Matthias Neubauer setzt sich vom Rollstuhl in eine Ruheliege um, die wie ein Kokon geformt ist.

Bei BHS Corrugated muss man es sich fürs erfrischende Kurzschläfchen nicht auf dem Schreibtischstuhl (un-)bequem machen. In einem Raum mit einer hochmodernen „Powernapping“-Liege können sich Körper und Geist entspannen.

Matthias Neubauer streckt sich auf einer Ruheliege aus.

Das Angebot tut auch Matthias Neubauer gut: Lange Tage im Rollstuhl sind eine Herausforderung für seinen Körper.
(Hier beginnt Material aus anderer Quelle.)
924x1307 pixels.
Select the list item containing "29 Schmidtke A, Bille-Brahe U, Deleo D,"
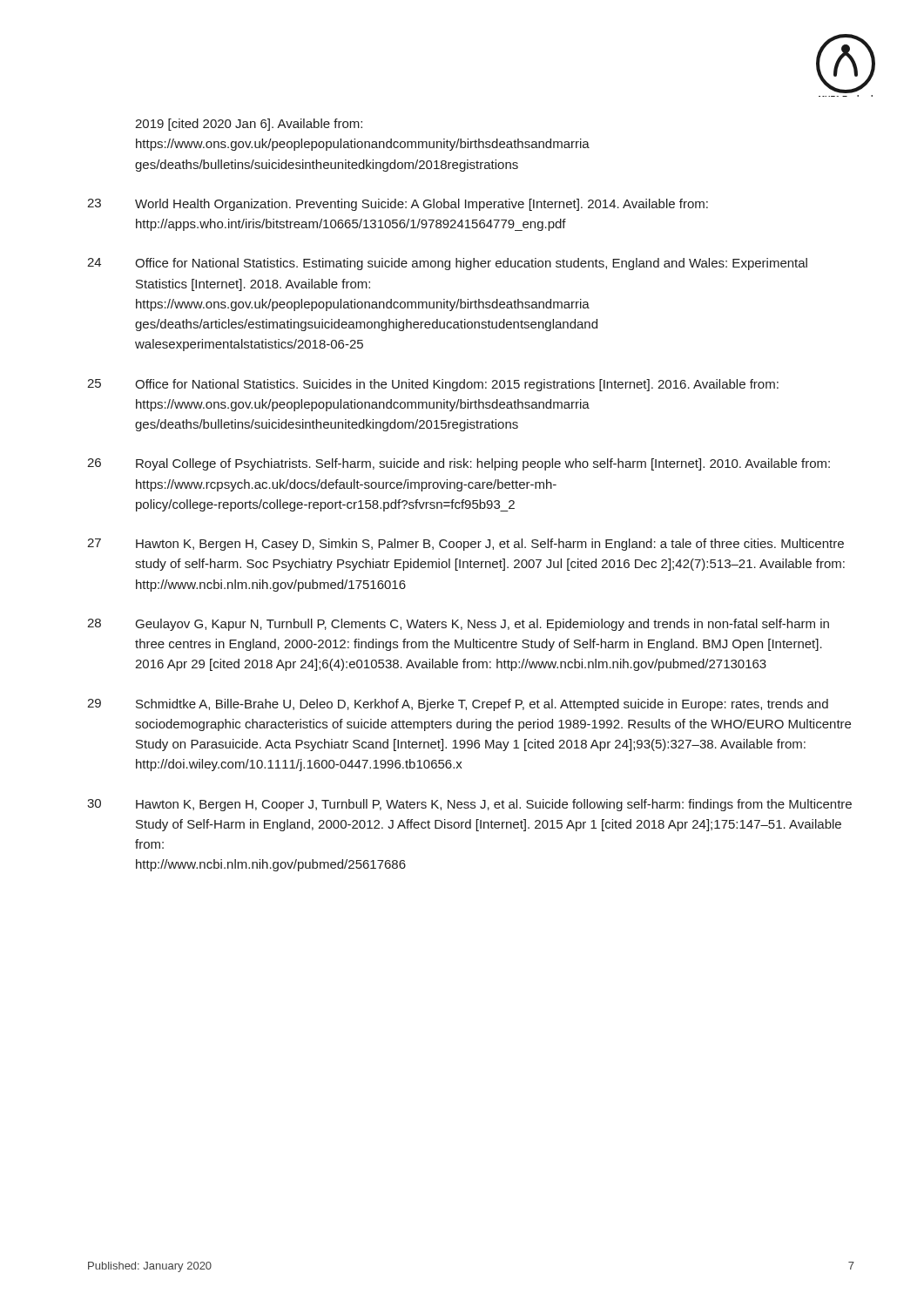[471, 734]

Vom Rollstuhl kann er sich ohne fremde Hilfe auf die Liege umsetzen und es sich in dem Schlummer-Kokon bequem machen.

Nicht nur Gebäude kann man barrierefrei gestalten, sondern auch die Organisation von Unternehmen. Matthias Neubauer kommen die flexiblen Bürozeiten bei BHS Corrugated entgegen. „Als Rollstuhlfahrer braucht man länger fürs Aufstehen, im Bad, beim Anziehen ... Da bin ich froh, dass ich nicht zwingend um 8 Uhr anfangen muss.“ Von frühmorgens bis spätabends im Rollstuhl zu sitzen, strengt den Körper an. Immer wieder stützt sich Matthias Neubauer mit beiden Armen hoch und richtet seinen Körper aus. Wenn er zwischendurch eine kurze Entlastungspause braucht, kann er sich auf einer Liege ausruhen. Außerdem gibt es für alle Beschäftigten eine Powernapping-Kabine. Ein „Powernap“ ist ein kurzes (Büro-)Schläfchen, das tagsüber Körper und Geist erfrischen soll. Bei BHS Corrugated ist die Powernapping-Liege in einen Kokon aus Kunststoff eingebettet, der die Ruhenden abschirmt.

Ruhe bitte!

Stressbedingte Leiden sind auf dem Vormarsch. Nach einer Studie der Techniker Krankenkasse ist die Arbeit in Deutschland Stressfaktor Nummer eins. Vom Bluthochdruck bis zur Depression: Mehr als jeden fünften Beschäftigten hat der Stress schon krank gemacht. (Quelle: Entspann dich, Deutschland. TK-Stressstudie 2016). Für Stress gibt es viele Ursachen. Nicht nur eine stetig steigende Arbeitsmenge kann Menschen unter Druck setzen, sondern auch häufige Unterbrechungen, sei es durch Anrufe, E-Mails oder Lärm im Großraumbüro. Auch hier bemüht man sich bei BHS Corrugated um Entlastung. Ein Raum im Lifecycle-Gebäude garantiert absolute Ruhe beim Nachdenken, Planen oder Schreiben. Er ist mit mehreren Schreibtischen ausgestattet. Telefone dagegen sucht man vergebens – und jede Unterhaltung ist streng verboten.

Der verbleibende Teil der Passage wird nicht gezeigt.